The teenage years can be a challenging and confusing time. Not only is your body changing, but your feelings may also be changing. This can cause a roller coaster of emotions as you explore your sexual identity.
It is during the teen years that most boys and girls begin to take a closer look at their sexual orientation. That's a term used to describe a person's physical and romantic attraction to other people.
WebMD takes a look at what it means to be lesbian, gay, bisexual, and transgender. We give you answers to some pressing questions.
What does LGBT mean?
LGBT stands for lesbian, gay, bisexual, and transgender. It's a term used to describe types of sexual orientation.
- Gay. A person -- male or female -- who is attracted to someone of the same sex.
- Lesbian. A female who is romantically and sexually attracted to other females. Lesbians are also considered gay.
- Bisexual. A male or female who is sexually attracted to both sexes.
- Transgender. Someone whose feelings about being male or female differ from their sexual anatomy. For example, a person may be considered male because they have a penis. But in their mind they may feel like a female. Transgender is not the same as being gay. Transgender people may be heterosexual (attracted to the opposite sex), homosexual (attracted to the same sex), or bisexual.
I'm not sure if I am homosexual or bisexual. How do I know for sure?
Determining sexual orientation can be confusing for some people. Sexual identity often develops over time. So you may not know who you really are attracted to until you are older.

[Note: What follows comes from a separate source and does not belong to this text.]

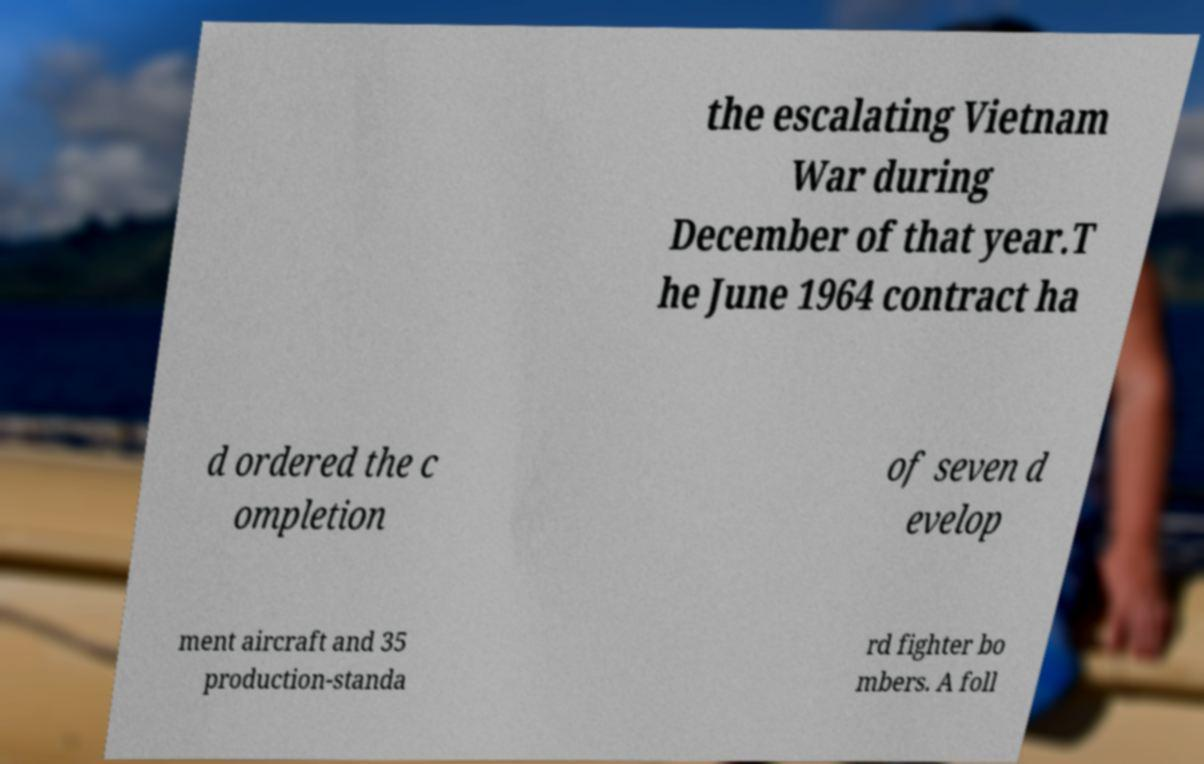Can you read and provide the text displayed in the image?This photo seems to have some interesting text. Can you extract and type it out for me? the escalating Vietnam War during December of that year.T he June 1964 contract ha d ordered the c ompletion of seven d evelop ment aircraft and 35 production-standa rd fighter bo mbers. A foll

It is not unusual for heterosexuals, or straight people, to have fantasies or be curious about people of the same sex. Just because you have these feelings doesn't mean that you are gay. But, if you are gay, in time, your sexual feelings towards a person of the same sex will become stronger and clearer.
Is there something wrong with me if I am gay?
No! There is absolutely nothing wrong with you. You are who you are.
Why am I like this? Can I avoid being gay?
There are many factors that contribute to a person's sexual orientation. These include biology, environment, hormones, and emotions. Homosexuality is not caused by poor parenting or sexual abuse.
Most experts agree that a person's sexual orientation cannot be changed. Still, many homosexual or bisexual people choose to live a heterosexual lifestyle, despite their feelings. Usually, this is to avoid prejudice against homosexuality.
Should I come out?
Hiding your sexual orientation, or pretending to be someone you are not, can be painful and lonely. Such pain can harm your self esteem and lead to destructive behaviors.
If you are putting yourself at risk, it is better to come out and reveal your sexual orientation rather than hide your true self. Despite the prejudice some gay people may experience, most people say they felt relieved, happy, and more confident after they came out.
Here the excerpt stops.